Data to examine.
[Start of section]
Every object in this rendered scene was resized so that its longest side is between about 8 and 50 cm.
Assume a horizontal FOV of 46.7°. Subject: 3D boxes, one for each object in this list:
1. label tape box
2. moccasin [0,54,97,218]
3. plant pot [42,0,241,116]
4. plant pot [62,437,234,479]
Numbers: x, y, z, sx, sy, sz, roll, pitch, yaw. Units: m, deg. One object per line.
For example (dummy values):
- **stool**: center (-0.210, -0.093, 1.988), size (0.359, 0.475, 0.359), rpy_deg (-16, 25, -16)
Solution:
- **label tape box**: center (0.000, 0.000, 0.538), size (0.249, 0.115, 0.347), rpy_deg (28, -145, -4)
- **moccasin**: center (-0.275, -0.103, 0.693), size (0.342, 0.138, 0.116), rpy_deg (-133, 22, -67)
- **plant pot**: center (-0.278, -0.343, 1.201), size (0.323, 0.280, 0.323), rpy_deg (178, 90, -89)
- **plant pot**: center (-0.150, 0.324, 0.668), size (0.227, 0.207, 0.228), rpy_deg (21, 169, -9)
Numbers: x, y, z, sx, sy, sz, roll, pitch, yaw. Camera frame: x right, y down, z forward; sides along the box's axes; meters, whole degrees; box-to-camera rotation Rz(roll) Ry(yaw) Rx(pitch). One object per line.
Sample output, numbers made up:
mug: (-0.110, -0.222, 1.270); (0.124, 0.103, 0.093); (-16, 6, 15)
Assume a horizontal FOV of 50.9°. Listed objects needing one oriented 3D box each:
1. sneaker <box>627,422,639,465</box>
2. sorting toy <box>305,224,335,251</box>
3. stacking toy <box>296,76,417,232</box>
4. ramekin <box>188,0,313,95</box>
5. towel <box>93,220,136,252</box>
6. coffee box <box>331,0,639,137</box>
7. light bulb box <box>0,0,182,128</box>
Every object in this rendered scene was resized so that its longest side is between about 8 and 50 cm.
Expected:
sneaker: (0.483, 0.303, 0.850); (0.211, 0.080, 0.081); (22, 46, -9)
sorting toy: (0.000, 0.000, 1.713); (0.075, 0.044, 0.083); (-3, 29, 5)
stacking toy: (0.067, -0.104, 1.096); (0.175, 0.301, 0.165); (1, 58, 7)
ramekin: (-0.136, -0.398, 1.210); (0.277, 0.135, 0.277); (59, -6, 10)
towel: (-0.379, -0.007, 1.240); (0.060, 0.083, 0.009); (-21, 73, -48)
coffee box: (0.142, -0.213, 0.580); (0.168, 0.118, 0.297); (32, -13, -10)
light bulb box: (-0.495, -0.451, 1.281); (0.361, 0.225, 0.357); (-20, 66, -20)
[End of section]
Brief.
Only the lines from the one containing "7. light bulb box <box>0,0,182,128</box>" through the final line of the records above should be printed, exactly as they stand.

Exercise result.
7. light bulb box <box>0,0,182,128</box>
Every object in this rendered scene was resized so that its longest side is between about 8 and 50 cm.
Expected:
sneaker: (0.483, 0.303, 0.850); (0.211, 0.080, 0.081); (22, 46, -9)
sorting toy: (0.000, 0.000, 1.713); (0.075, 0.044, 0.083); (-3, 29, 5)
stacking toy: (0.067, -0.104, 1.096); (0.175, 0.301, 0.165); (1, 58, 7)
ramekin: (-0.136, -0.398, 1.210); (0.277, 0.135, 0.277); (59, -6, 10)
towel: (-0.379, -0.007, 1.240); (0.060, 0.083, 0.009); (-21, 73, -48)
coffee box: (0.142, -0.213, 0.580); (0.168, 0.118, 0.297); (32, -13, -10)
light bulb box: (-0.495, -0.451, 1.281); (0.361, 0.225, 0.357); (-20, 66, -20)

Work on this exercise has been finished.